No sooner had he discovered her corpse than Venetia Digby's husband summoned his friend, the artist Anthony Van Dyck, to paint it. The consequent picture, re-united with Van Dyck's portrait Venetia Stanley, Lady Digby as Prudence, forms the centrepiece of Dulwich's display. At first sight, the contrast between the two paintings appears obvious - the one a classic funerary portrait, the other a celebration of one of the century's beauties. The reality, however, is very different.

Sir Kenelm Digby was a complex man. Three at the time of his father's execution for involvement in the Gunpowder Plot, Digby became an intimate of Charles I. The model of a well-rounded, post-Renaissance man, he was both a devoted Christian and an amateur alchemist. His love affair with Venetia Stanley had captivated the imagination of fashionable society in engravings, popular ballads and poetry. When Venetia died, it was not only her husband who mourned, but the entire Stuart world.

It was Digby's grief, though, that inspired the two principal images at Dulwich. Venetia's portrait as Prudence is not a study from life, but a posthumously painted apotheosis. In this extravagant, Titianesque allegory, Van Dyck shows Lady Digby, her features borrowed from his earlier portrait of the Digby family, with her hands resting (a little fancifully) on the doves of Chastity as she triumphs over two-faced Deceit and tramples underfoot a cherub with a smouldering torch - an enduring symbol of Death.

Paradoxically, the painting of Venetia on her deathbed was painted "from life". Unlike the other deathbed portraits on view here, Venetia Digby is depicted at the very moment of death, one eye half closed, as she passes from sleep into eternity. We sense the increasing weight of her head as it drops into the downy softness of the pillow. The only hint at other- worldliness is the white light which falls unnaturally upon her face, lifting her, almost literally, above the picture plane.

On receipt of the picture, Sir Kenelm noted: "One could not distinguish whether it were of a sleeping or of a dead bodie," and, placing it beside his bed, would gaze at it every night.

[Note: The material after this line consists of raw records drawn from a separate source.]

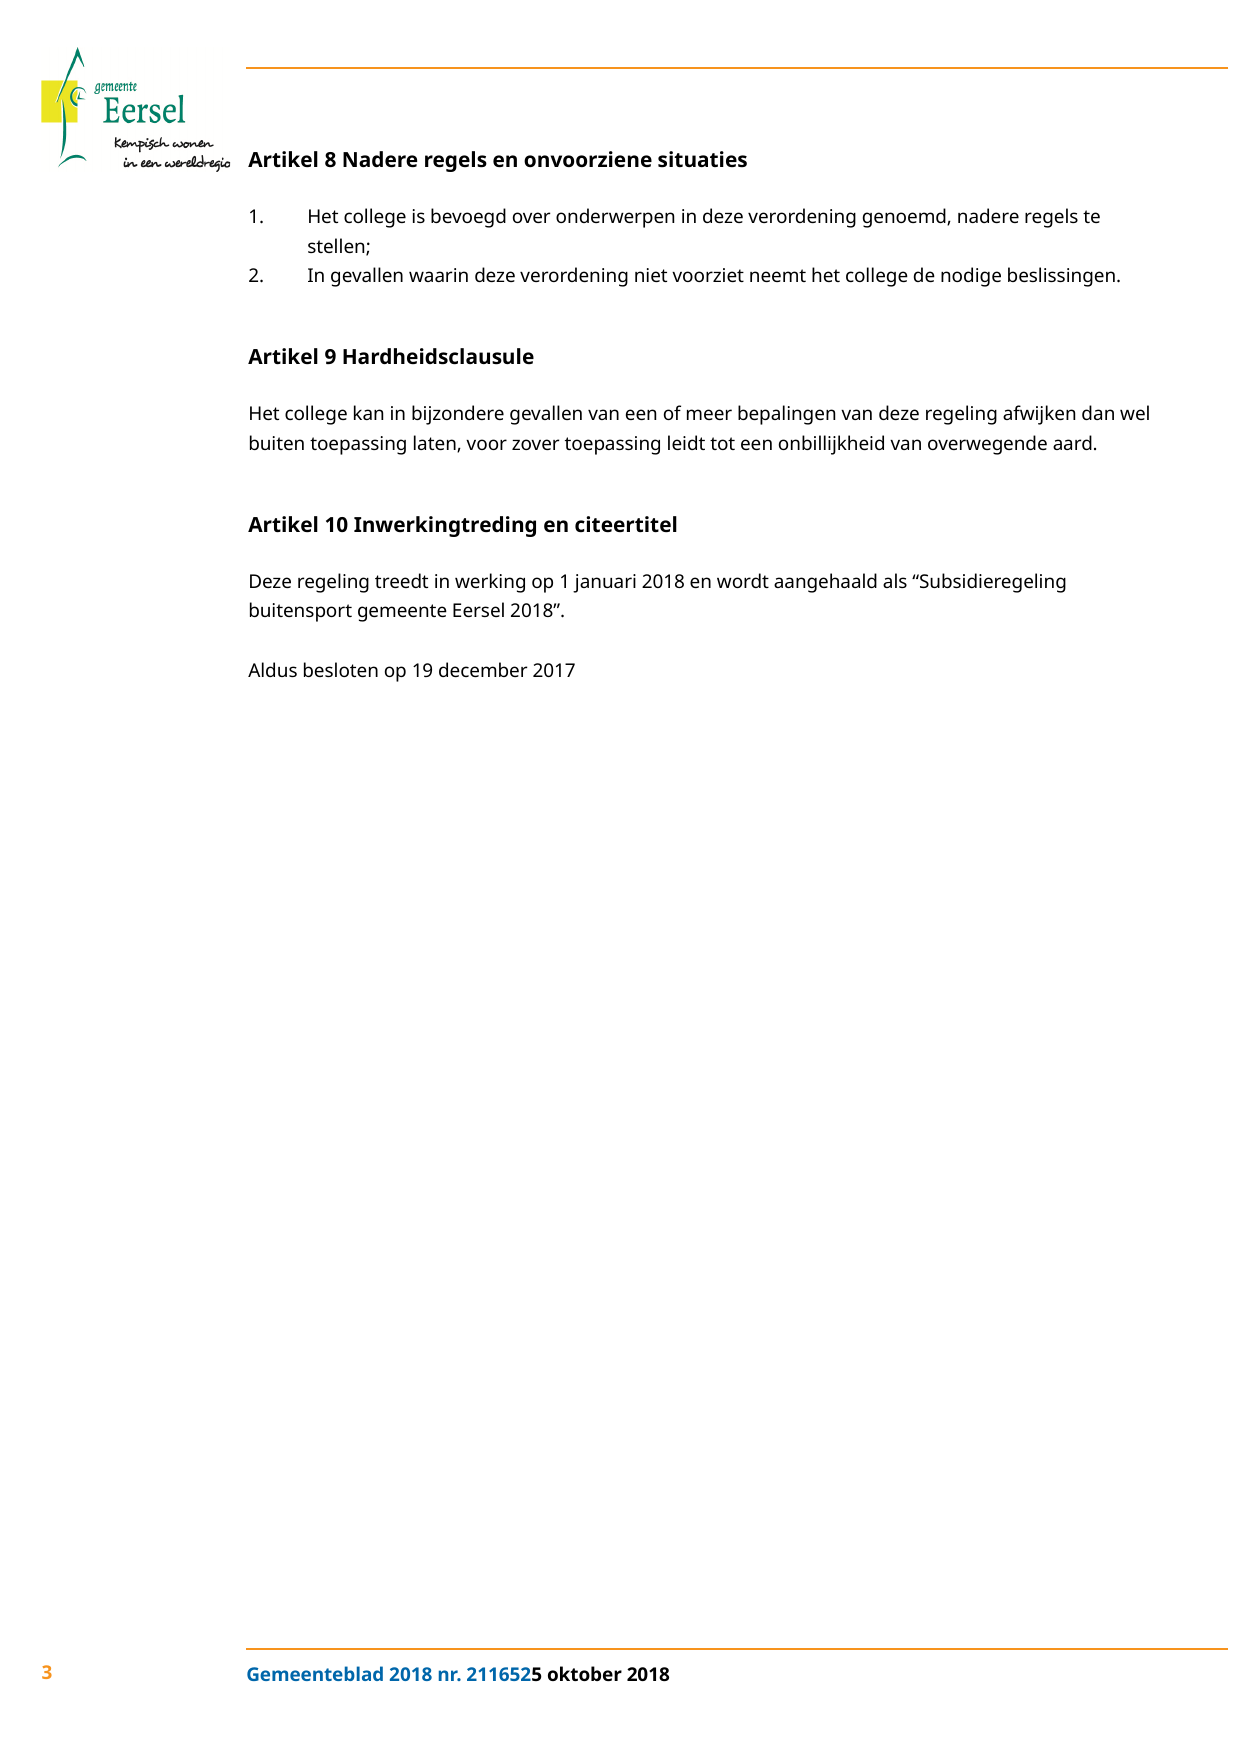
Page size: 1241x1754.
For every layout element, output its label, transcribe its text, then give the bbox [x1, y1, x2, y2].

text Artikel 10 Inwerkingtreding en citeertitel [248, 510, 1152, 538]
text Artikel 8 Nadere regels en onvoorziene situaties [248, 145, 1152, 174]
picture [41, 47, 231, 172]
text Artikel 9 Hardheidsclausule [248, 342, 1152, 371]
text Deze regeling treedt in werking op 1 januari 2018 en wordt aangehaald als “Subsidieregeling buitensport gemeente Eersel 2018”. [248, 568, 1152, 623]
list Het college is bevoegd over onderwerpen in deze verordening genoemd, nadere regels te stellen; [248, 203, 1152, 258]
text Aldus besloten op 19 december 2017 [248, 657, 1152, 682]
list In gevallen waarin deze verordening niet voorziet neemt het college de nodige beslissingen. [248, 262, 1152, 288]
text Het college kan in bijzondere gevallen van een of meer bepalingen van deze regeling afwijken dan wel buiten toepassing laten, voor zover toepassing leidt tot een onbillijkheid van overwegende aard. [248, 400, 1152, 456]
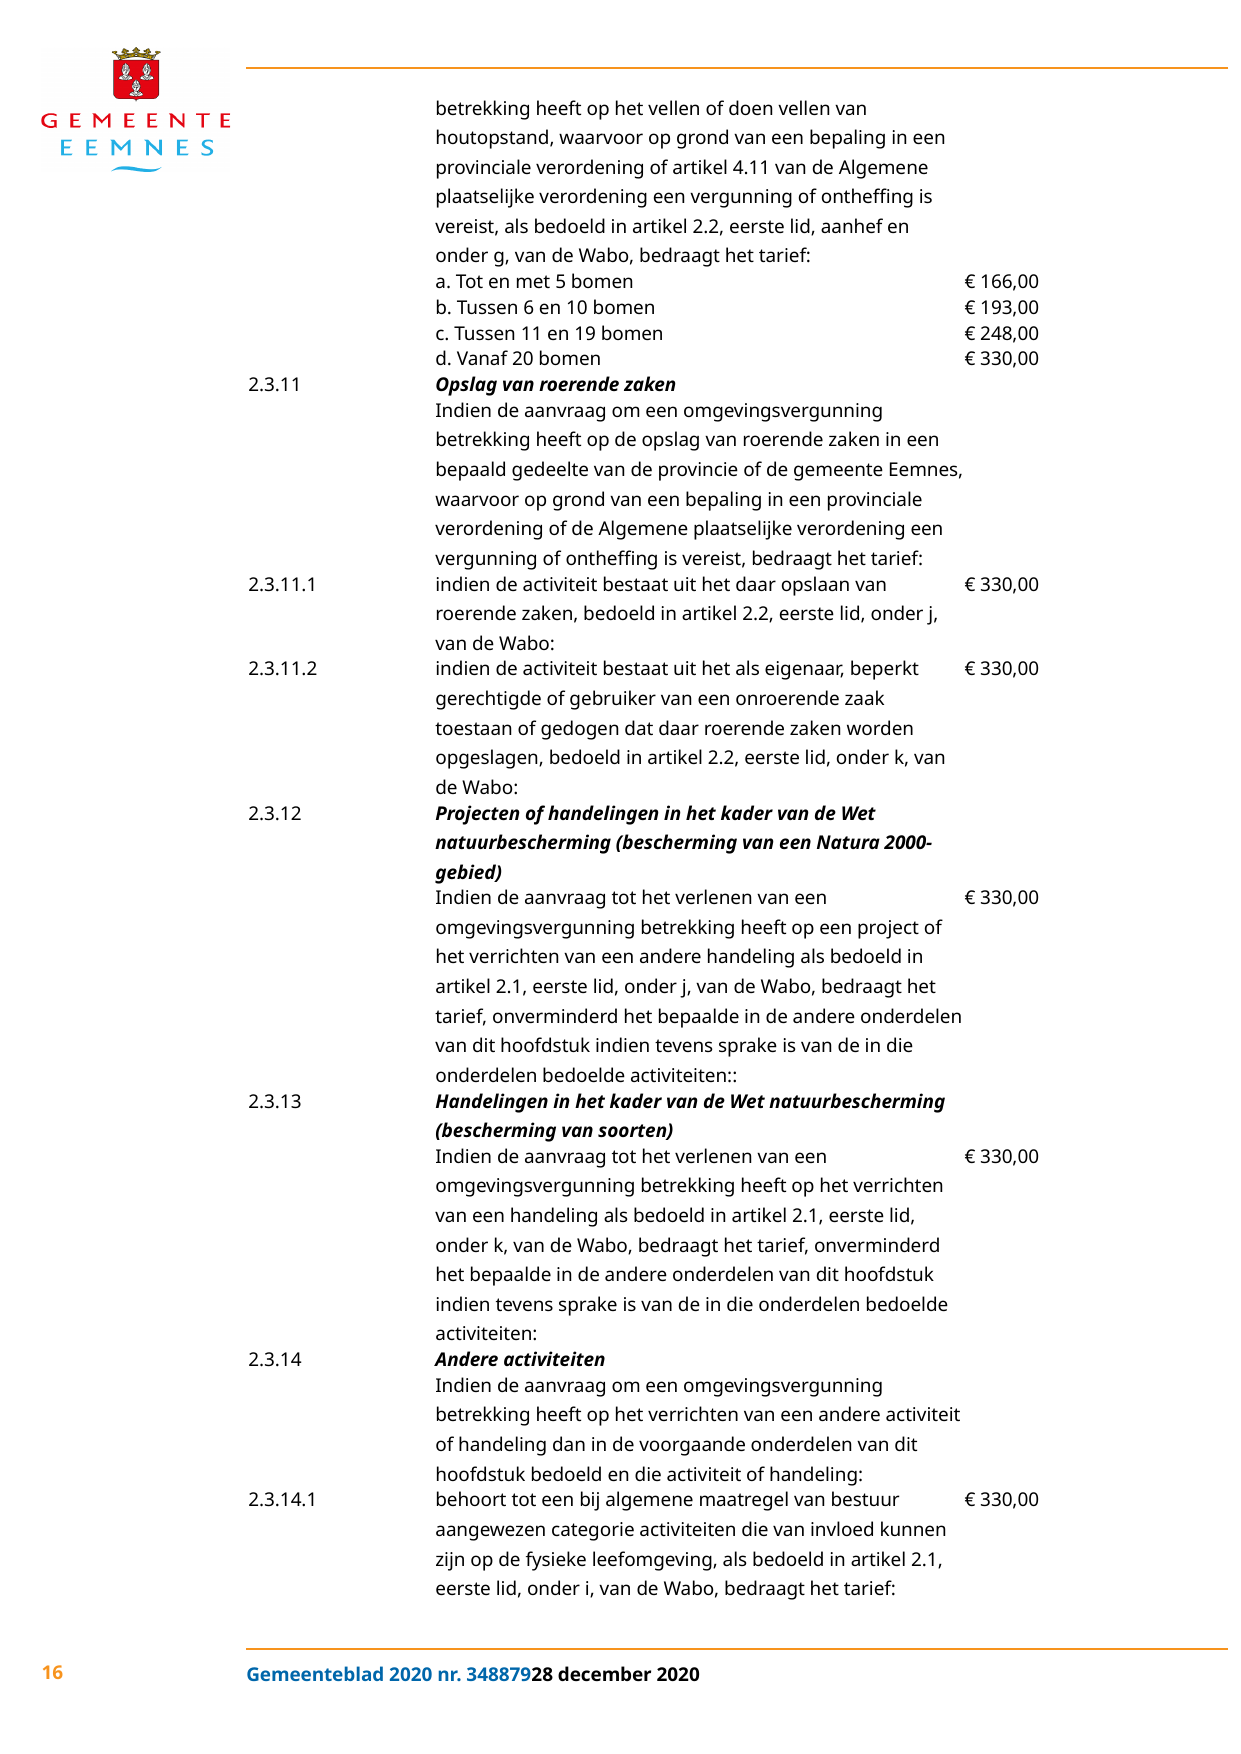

Just as the deathbed picture allowed him to preserve Venetia's last earthly minutes, in her portrait as Prudence he could visualise his beloved as she would surely appear to him in Paradise. For Digby had his own theories of resurrection. Troubled by the contradictions of his faith and his scientific empiricism, he had famously attempted to regenerate a crayfish. In commissioning Van Dyck to paint his late wife, he was creating tangible evidence of the afterlife. Here, in paint, Sir Kenelm Digby finally found proof of the resurrection.